The judging unit 142a calculates the inter-knee distance “d8” in each of the frames and judges the degree of knock-kneed state and the degree of bow-legged state at the time of the landing of the jump, by comparing the values of “d8” with a predetermined threshold value. For example, if “d8” is smaller than the predetermined threshold value, the judging unit 142a determines that the subject is in a knock-kneed state. On the contrary, if “d8” is larger than the predetermined threshold value, the judging unit 142a determines that the subject is in a bow-legged state.
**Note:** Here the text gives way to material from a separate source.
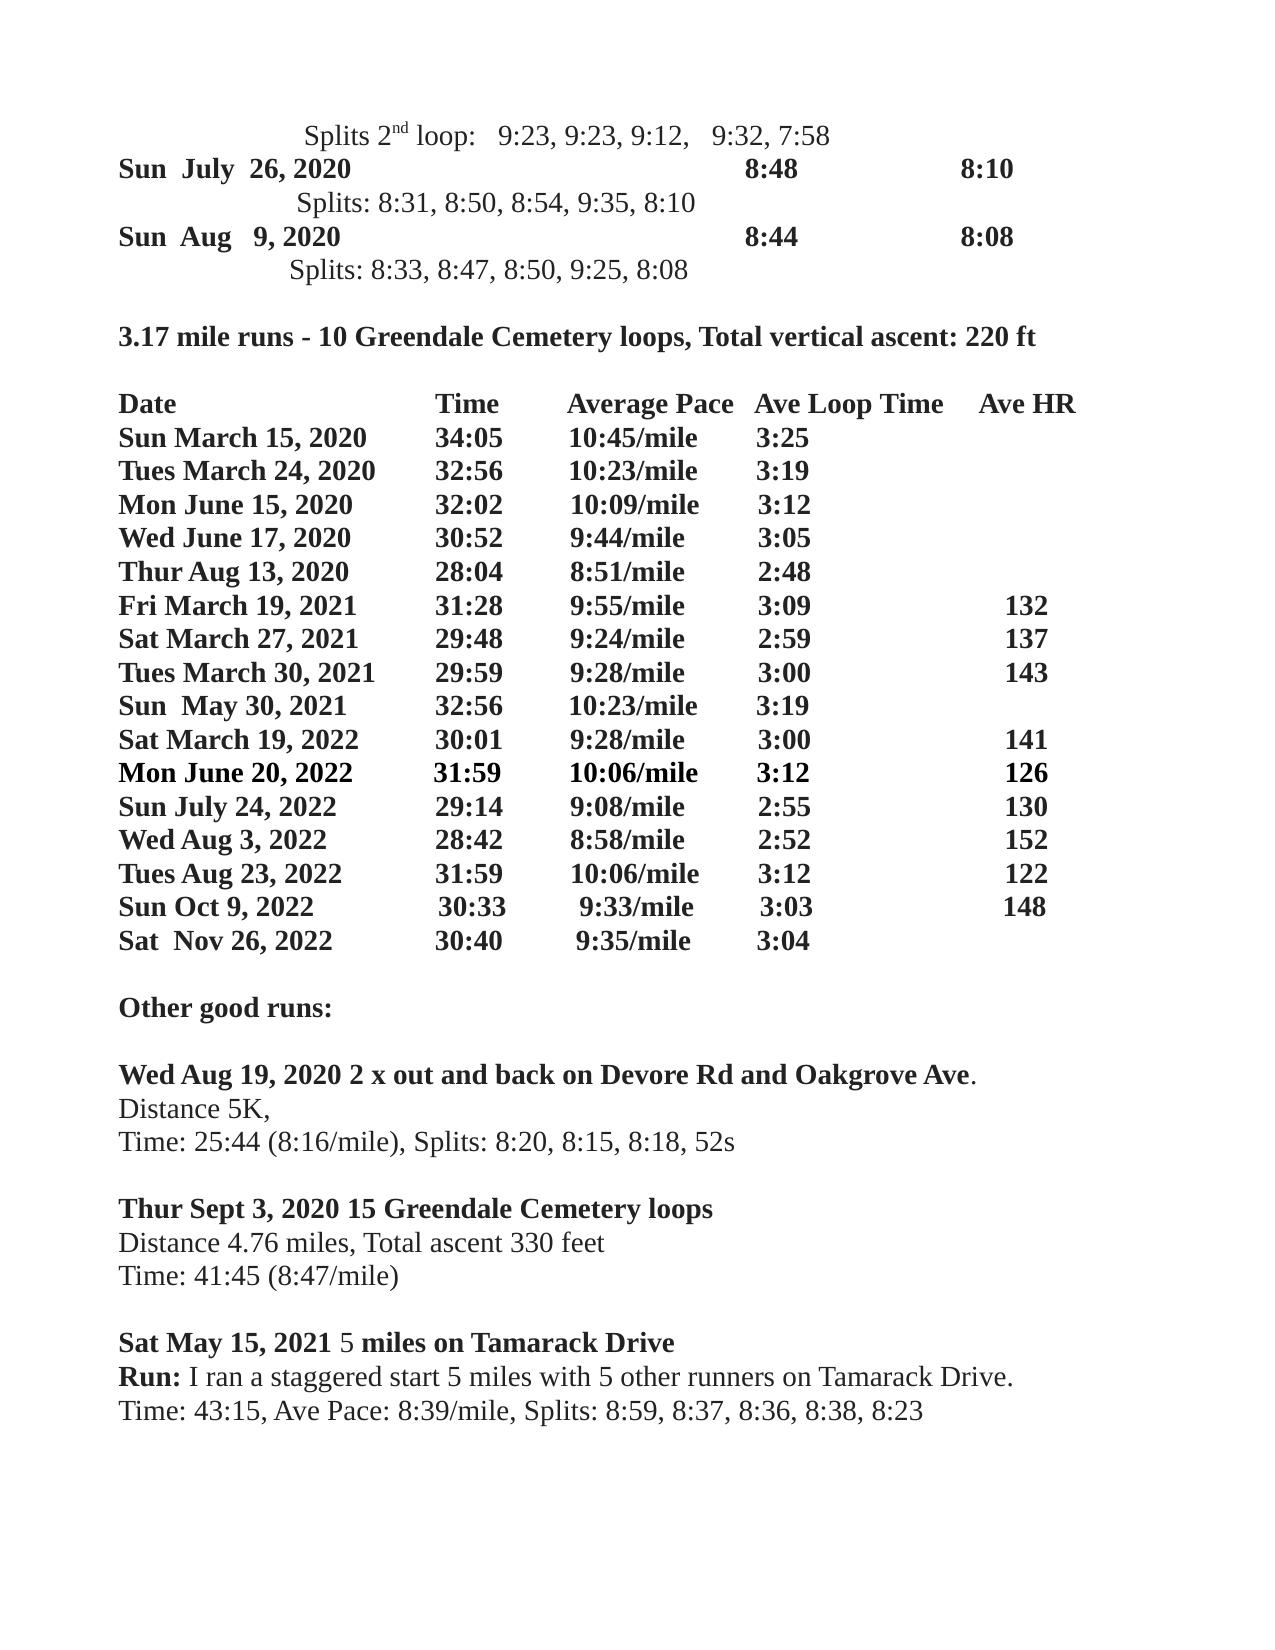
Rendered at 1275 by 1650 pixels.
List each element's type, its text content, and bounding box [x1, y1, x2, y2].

In this situation, the threshold value used for judging a knock-kneed state and a bow-legged state by using “d8” may arbitrarily be set by the user (e.g., the subject, a caregiver, or the like). In one example, the threshold value for “d8” may arbitrarily be set for a knock-kneed state and for a bow-legged state, according to the age and the gender of the subject, whether the rehabilitation is performed after injury treatment or the rehabilitation is performed from the standpoint of preventive medicine or sports medicine. In this situation, the threshold value for “d8” may be set for a knock-kneed state and for a bow-legged state, as an absolute position or a relative position, like in the examples described above. The various types of information used in the judging process described above are stored as the setting information in the setting information storage unit 132a. In other words, the judging unit 142a reads the setting information from the setting information storage unit 132a and performs the judging process.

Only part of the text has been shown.